The data presented in Table 2 brings up another observation. The word frequency values for “book” and “document” are very high; they are at the heart of the Traité, as illustrated by the word cloud on Figure 5. Because of the sheer amount of times they occur, and taking into account the size of each book part, their low specificity to [2, 3] comes as a bit of a surprise. It is as if Otlet extracted the words from material bibliography and tied them irrevocably to a singular idea, blurring the lines between the terms. However, this ambiguity is not accidental: we have seen that he actually argues for the indifferent use of biblion, graphein or gramma, liber or documentum to form concepts until a consensus is reached.
Can we say that this consensus has indeed been reached? What about the importance that data has taken nowadays? Again, this can be tied to the question of Otlet’s epistemological legacy. We know that the Traité belongs to a certain lineage, that it represents the culmination of a life’s work for Otlet but also some of his colleagues and of course their predecessors working on bibliology; we also know how the book was received and the discreet influence it had in the following years. However, we know less about the extension of this lineage into the end of the 20th century and the beginning of the 21st. New approaches have been developed to adapt to a seemingly new information paradigm; the fate and relevance of Otlet’s conceptual choices could be studied, perhaps with a mix of qualitative and quantitative methods.
Leaving these questions aside for another, more expansive study, there are two final considerations to be made.
Firstly, we now have many powerful tools that support different hermeneutical approaches to documents in general and text in particular. They sometimes yield quick results, in which case they should be used with twice as much caution, to avoid snowballing into absurd conclusions. As a general rule, these tools not only benefit from being articulated with a coherent theoretical framework, they require it to make any sort of significant observation, as small as it may be.
Here, we hope to have demonstrated the interest that lies in a science of writing that informs both concept and experiment. The goal was to show what information quantitative methods bring to the table and how they feed back into a reflection on the text, its interpretation, its significance. Lexicometry is especially interesting for the study of theories: it provides data and representations for key concepts from a corpus, informing us on the correlations between structure and meaning.

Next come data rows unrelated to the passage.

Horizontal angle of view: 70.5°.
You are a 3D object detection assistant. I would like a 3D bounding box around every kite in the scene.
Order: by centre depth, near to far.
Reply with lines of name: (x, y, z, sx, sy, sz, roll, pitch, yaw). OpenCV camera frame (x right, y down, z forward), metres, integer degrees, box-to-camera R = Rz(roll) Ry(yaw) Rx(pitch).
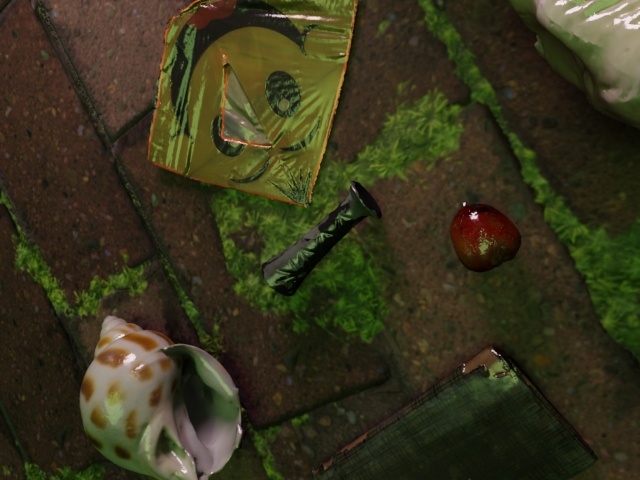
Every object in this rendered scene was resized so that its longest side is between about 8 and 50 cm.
kite: (-0.092, -0.189, 0.610, 0.377, 0.013, 0.328, -28, 87, 19)

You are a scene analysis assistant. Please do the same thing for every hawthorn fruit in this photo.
hawthorn fruit: (0.180, -0.004, 0.501, 0.077, 0.077, 0.077, 2, 97, 20)

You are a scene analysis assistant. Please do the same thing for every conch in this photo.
conch: (-0.237, 0.215, 0.637, 0.275, 0.182, 0.148, 59, 144, 7)

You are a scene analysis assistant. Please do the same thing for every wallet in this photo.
wallet: (0.146, 0.279, 0.558, 0.317, 0.044, 0.169, -43, 82, 20)

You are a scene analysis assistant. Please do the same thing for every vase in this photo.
vase: (0.000, 0.000, 0.574, 0.167, 0.059, 0.059, -43, 81, 19)

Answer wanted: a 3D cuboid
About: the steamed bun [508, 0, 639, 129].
steamed bun: (0.323, -0.211, 0.367, 0.268, 0.207, 0.280, -38, 56, 20)
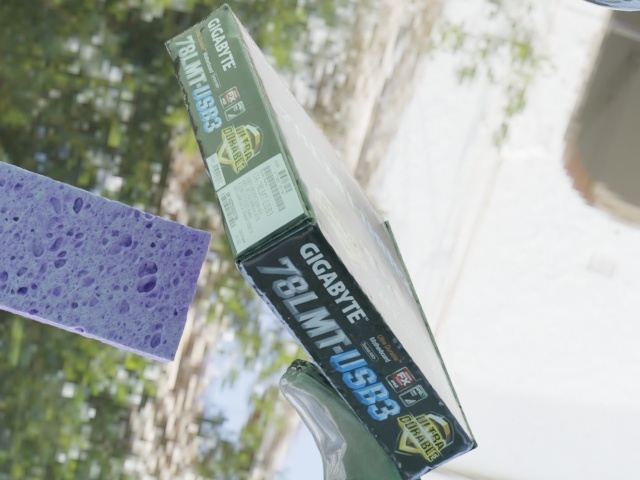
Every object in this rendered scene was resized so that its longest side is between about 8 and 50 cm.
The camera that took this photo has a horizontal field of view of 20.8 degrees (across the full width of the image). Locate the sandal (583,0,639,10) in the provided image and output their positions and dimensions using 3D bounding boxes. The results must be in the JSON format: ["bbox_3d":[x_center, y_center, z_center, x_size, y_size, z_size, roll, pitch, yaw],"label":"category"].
[{"bbox_3d":[0.132,-0.229,0.589,0.120,0.303,0.086,29,-165,37],"label":"sandal"}]

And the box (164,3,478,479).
[{"bbox_3d":[0.000,0.000,1.386,0.073,0.295,0.293,-29,-140,9],"label":"box"}]

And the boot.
[{"bbox_3d":[0.012,0.231,1.435,0.161,0.083,0.246,-40,-94,-14],"label":"boot"}]

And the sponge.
[{"bbox_3d":[-0.207,0.017,1.469,0.210,0.117,0.031,19,170,-13],"label":"sponge"}]
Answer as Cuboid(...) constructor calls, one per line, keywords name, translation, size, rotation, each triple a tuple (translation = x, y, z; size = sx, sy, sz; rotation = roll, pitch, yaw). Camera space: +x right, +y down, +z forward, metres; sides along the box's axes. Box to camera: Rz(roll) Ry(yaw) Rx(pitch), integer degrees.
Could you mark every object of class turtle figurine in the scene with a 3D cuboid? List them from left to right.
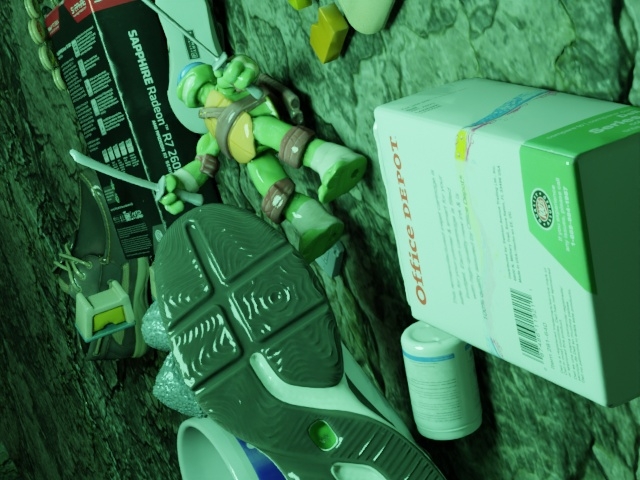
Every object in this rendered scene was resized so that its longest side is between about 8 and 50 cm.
Cuboid(name="turtle figurine", translation=(-0.103, -0.095, 1.610), size=(0.266, 0.198, 0.274), rotation=(38, -173, 23))

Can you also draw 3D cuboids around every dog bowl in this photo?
Cuboid(name="dog bowl", translation=(-0.098, 0.358, 2.125), size=(0.265, 0.104, 0.265), rotation=(47, 148, 42))

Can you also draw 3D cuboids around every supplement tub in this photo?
Cuboid(name="supplement tub", translation=(0.122, 0.137, 1.511), size=(0.071, 0.071, 0.107), rotation=(28, 132, 57))

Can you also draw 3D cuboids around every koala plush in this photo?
Cuboid(name="koala plush", translation=(-0.070, 0.135, 1.845), size=(0.221, 0.203, 0.196), rotation=(31, 149, 25))

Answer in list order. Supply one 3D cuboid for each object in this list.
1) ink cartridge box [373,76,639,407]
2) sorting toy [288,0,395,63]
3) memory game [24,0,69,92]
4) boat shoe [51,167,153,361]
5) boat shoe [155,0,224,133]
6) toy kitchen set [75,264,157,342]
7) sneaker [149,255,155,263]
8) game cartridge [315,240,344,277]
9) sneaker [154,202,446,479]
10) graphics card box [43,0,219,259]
Cuboid(name="ink cartridge box", translation=(0.174, -0.011, 1.219), size=(0.278, 0.117, 0.201), rotation=(23, 129, 59))
Cuboid(name="sorting toy", translation=(0.013, -0.313, 1.433), size=(0.229, 0.041, 0.307), rotation=(61, 158, 17))
Cuboid(name="memory game", translation=(-0.378, -0.294, 2.189), size=(0.186, 0.012, 0.186), rotation=(-17, -90, -77))
Cuboid(name="boat shoe", translation=(-0.347, 0.053, 2.384), size=(0.132, 0.130, 0.355), rotation=(39, 142, 50))
Cuboid(name="boat shoe", translation=(-0.146, -0.232, 1.808), size=(0.070, 0.078, 0.219), rotation=(-84, -9, -52))
Cuboid(name="toy kitchen set", translation=(-0.238, 0.153, 2.184), size=(0.207, 0.166, 0.122), rotation=(46, 147, 43))
Cuboid(name="sneaker", translation=(-0.233, 0.006, 2.219), size=(0.032, 0.037, 0.083), rotation=(55, 151, 34))
Cuboid(name="game cartridge", translation=(0.000, 0.000, 1.735), size=(0.083, 0.017, 0.056), rotation=(56, 150, 29))
Cuboid(name="sneaker", translation=(-0.015, 0.175, 1.599), size=(0.447, 0.169, 0.257), rotation=(55, 177, 13))
Cuboid(name="graphics card box", translation=(-0.255, -0.162, 2.059), size=(0.233, 0.094, 0.371), rotation=(-11, 97, 66))

Secondly, visual methods should not be seen as a simple means to an end, a technique used to produce a support for communication. They constitute a proper methodology as well, providing a way to test assumptions and explore sources. This is especially apparent when working with real-time rendering, which stimulates experimental approaches. Of course, this does not exclude the matter of output and exports, as the figures in this paper show. It simply means to reiterate that all forms of writing play a complex part in the way we think and work—something which Otlet probably had in mind when he included schematization in the constitutive elements of bibliology, the science of writing.